As hypothesized, the SE appeared to have induced antidiabetic effects in mice fed a HF diet through a mechanism that increased adiponectin and decreased TNF-α via overexpression of PPAR-γ, leading to improved insulin sensitivity. Administration of both 0.5% and 1% SE significantly reduced serum glucose levels, but only the 1% SE treatment significantly lowered serum insulin level, suggesting that the 1% concentration increased antidiabetic effects, although our findings were not dose-dependent.

These findings are consistent with a recent study that showed that SE at doses of 250 and 500 mg/kg of body weight significantly decrease serum glucose levels in streptozotocin-induced diabetic rats [17]. Kim et al. [20] showed that SE is rich in polyphenols, which strongly inhibit in vitro α-glucosidase and α-amylase activities, and are targets for the development of diabetic drugs. Studies have also reported that polyphenols from cocoa extract [21] and Salacia reticulate extract [22] reduce serum glucose levels in type 1 diabetic rats. However, Lakshmi et al. [23] observed that consumption of whole sorghum significantly lowers fasting level and the glucose AUC in type 2 diabetic subjects, suggesting that these results could be due to fiber. Dietary fiber lowers blood glucose level by delaying gastric emptying, intestinal transit time, and carbohydrate absorption [24]; however, we previously reported that consuming sorghum grain has no effect on serum glucose or insulin levels compared with those in hyperlipidemic rats fed white rice [25]. These inconsistent results may be due to the type of sorghum consumed, sorghum grain vs. extract, or the animal model used.

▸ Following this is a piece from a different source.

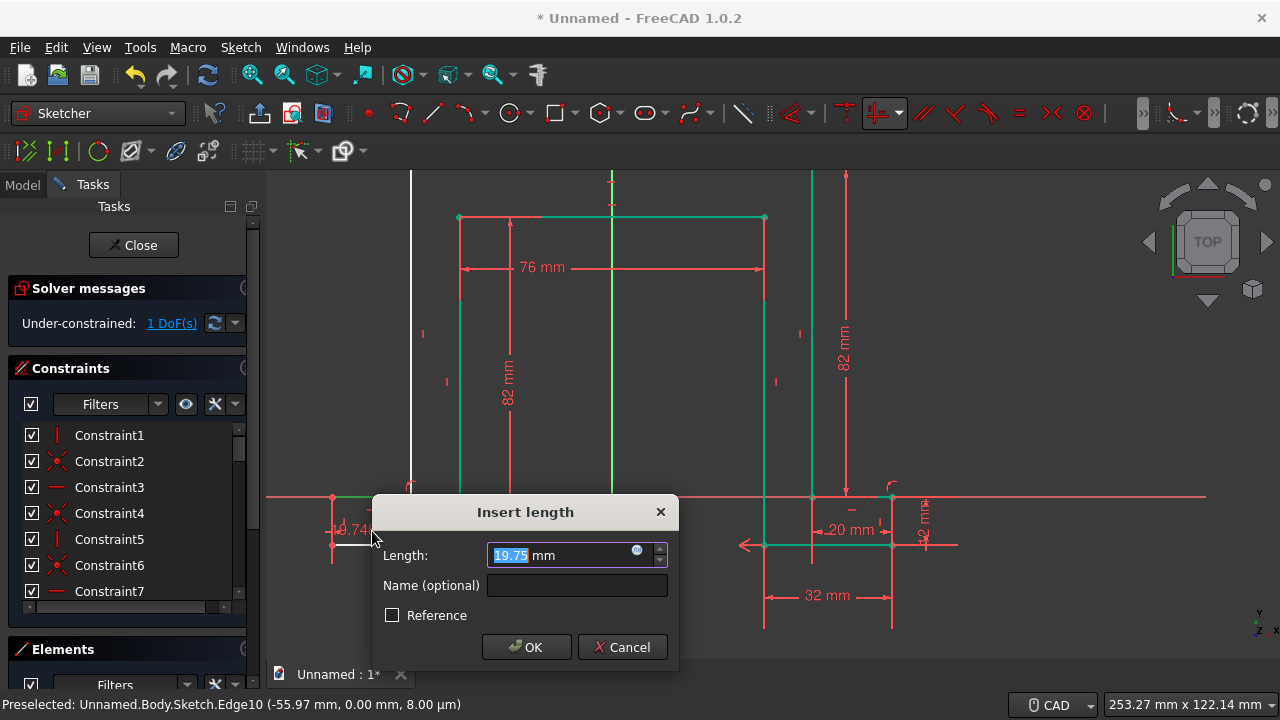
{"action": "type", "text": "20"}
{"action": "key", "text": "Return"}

PPAR-γ is involved in glucose uptake and lipid storage in adipocytes [26,27]. Activation of PPAR-γ to improve the sensitivity of insulin receptors is the predominant mechanism for the antidiabetic efficacy of PPAR-γ agonists [28]. Thiazolidinedione, a synthetic PPAR-γ ligand, significantly increases insulin sensitivity in patients with diabetes, interferes with TNF-α activity, and increases adiponectin levels [29]. Adipocytokines, primarily adiponectin and TNF-α released from adipocytes, appear to be associated with glucose metabolism [30]. Therefore, the hypoglycemic effect of sorghum in this study could be explained by increased PPAR-γ expression in adipose tissue, which consequently increased adiponectin expression and decreased TNF-α expression.

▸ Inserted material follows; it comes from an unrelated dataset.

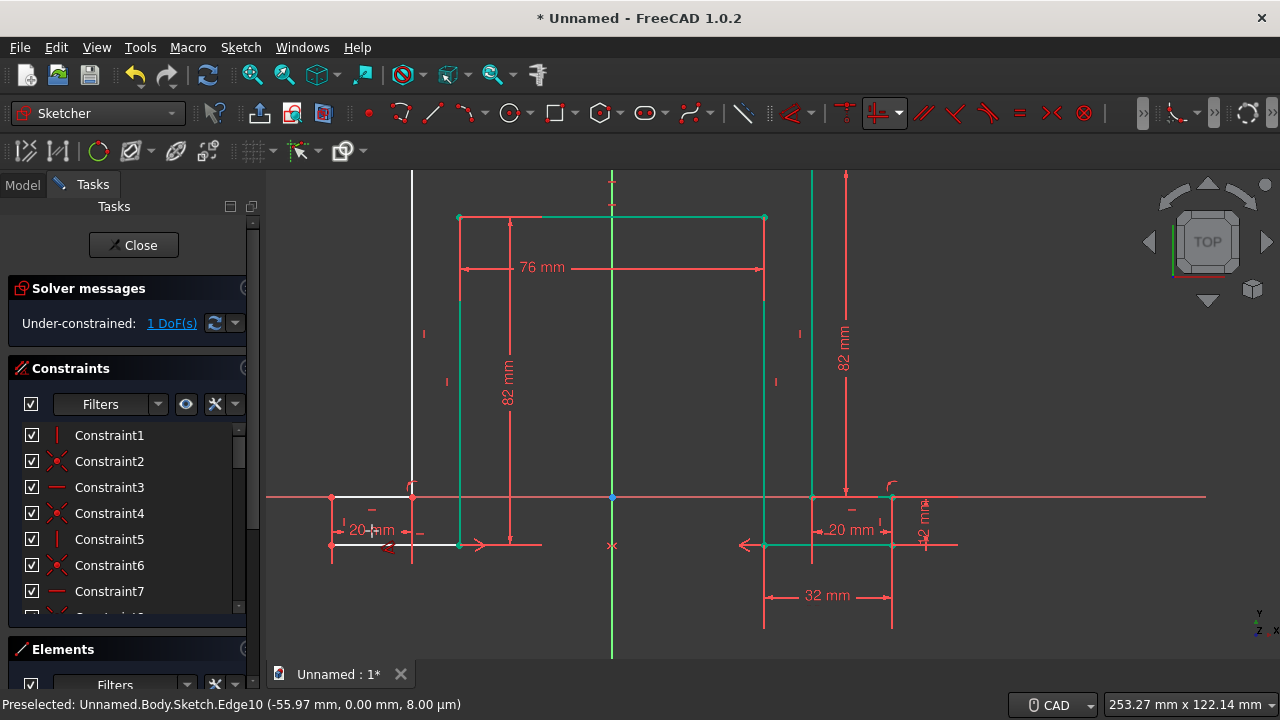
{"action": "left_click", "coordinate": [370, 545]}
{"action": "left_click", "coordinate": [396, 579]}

A significant decrease in total cholesterol, LDL-cholesterol, and triglyceride levels was observed in the SE-treated groups. Carr et al. [14] also reported that a sorghum lipid extract from whole kernels exerts a cholesterol-lowering effect by reducing cholesterol absorption with a concomitant increase in fecal sterol excretion. Polyphenols from green tea reduce plasma LDL-cholesterol concentrations by inhibiting cholesterol synthesis [31-33]. Because the cholesterol-lowering effects can be explained by decreased cholesterol synthesis and/or increased cholesterol excretion, the effect of SE on plasma cholesterol concentration in this study may have been due to either increased cholesterol excretion in the feces or decreased cholesterol synthesis in the liver. Chung et al. [18] also reported that a SE reduces plasma triglyceride concentrations in rats with diet-induced obesity, but the hyperlipidemic mechanism is unknown.

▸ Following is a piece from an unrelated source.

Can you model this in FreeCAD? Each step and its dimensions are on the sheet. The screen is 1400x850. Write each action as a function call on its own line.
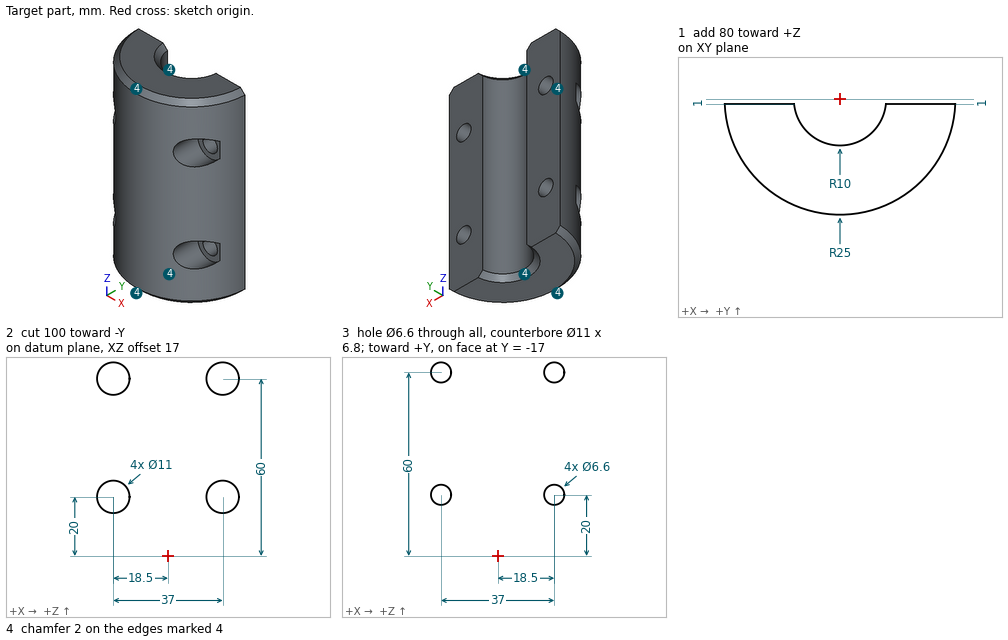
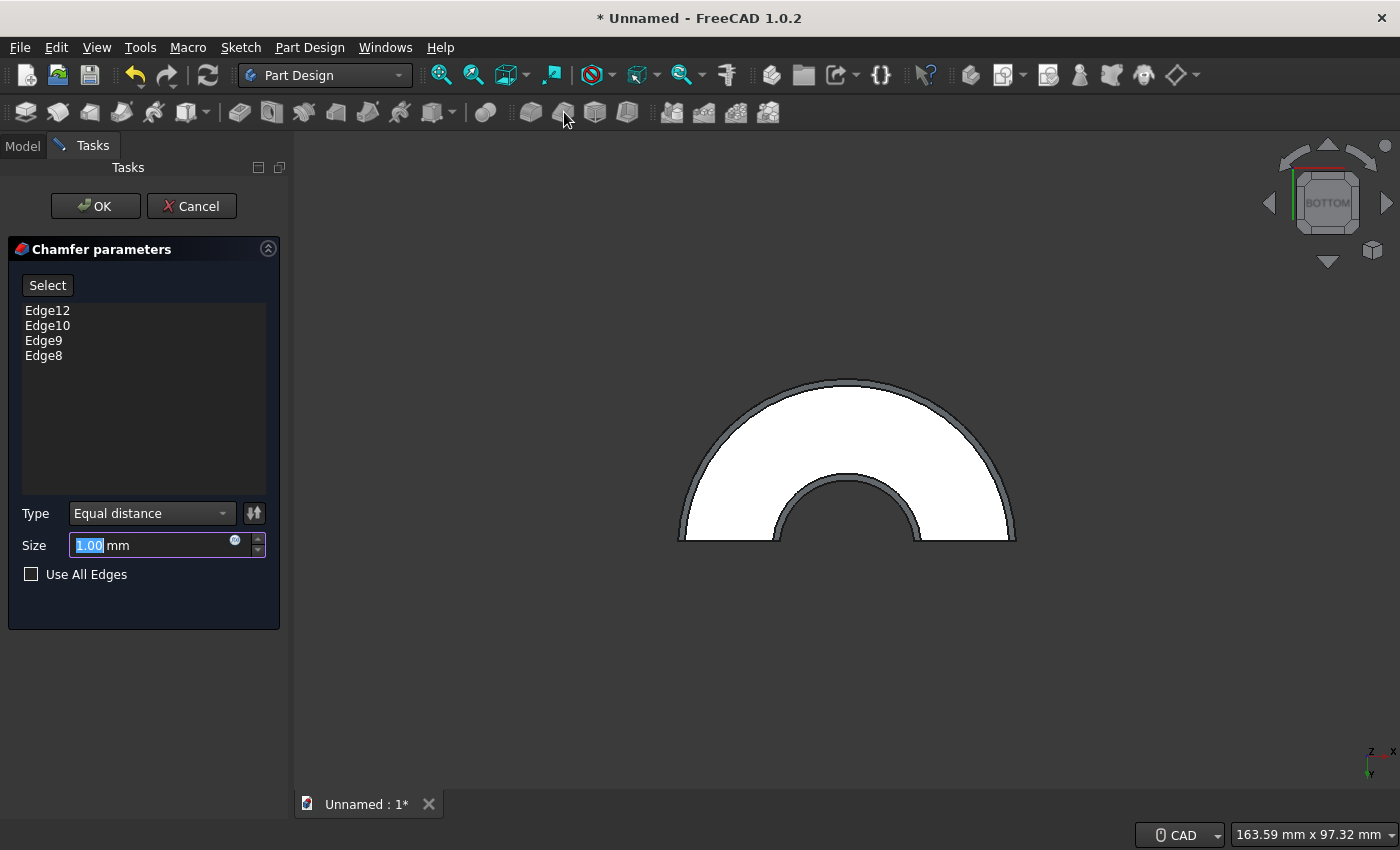
text(2)
key(Tab)

A few limitations of this study should be mentioned. No active control group was used (e.g., mice taking antidiabetic medication), dose dependency was not clearly detected due to the doses selected, and the hypocholesterolemic metabolism was not determined. We are currently conducting an animal study to examine the cholesterol-lowering action mechanism of sorghum. In conclusion, our results demonstrate that a SE appeared to have an antidiabetic effect and may have exerted its therapeutic effects through PPAR-γ overexpression in mice fed a HF diet. This is the first study to characterize the antidiabetic mechanisms of sorghum. However, future studies should examine the hypoglycemic effect of sorghum on protein expression during hepatic glucose production and glucose uptake by skeletal muscle.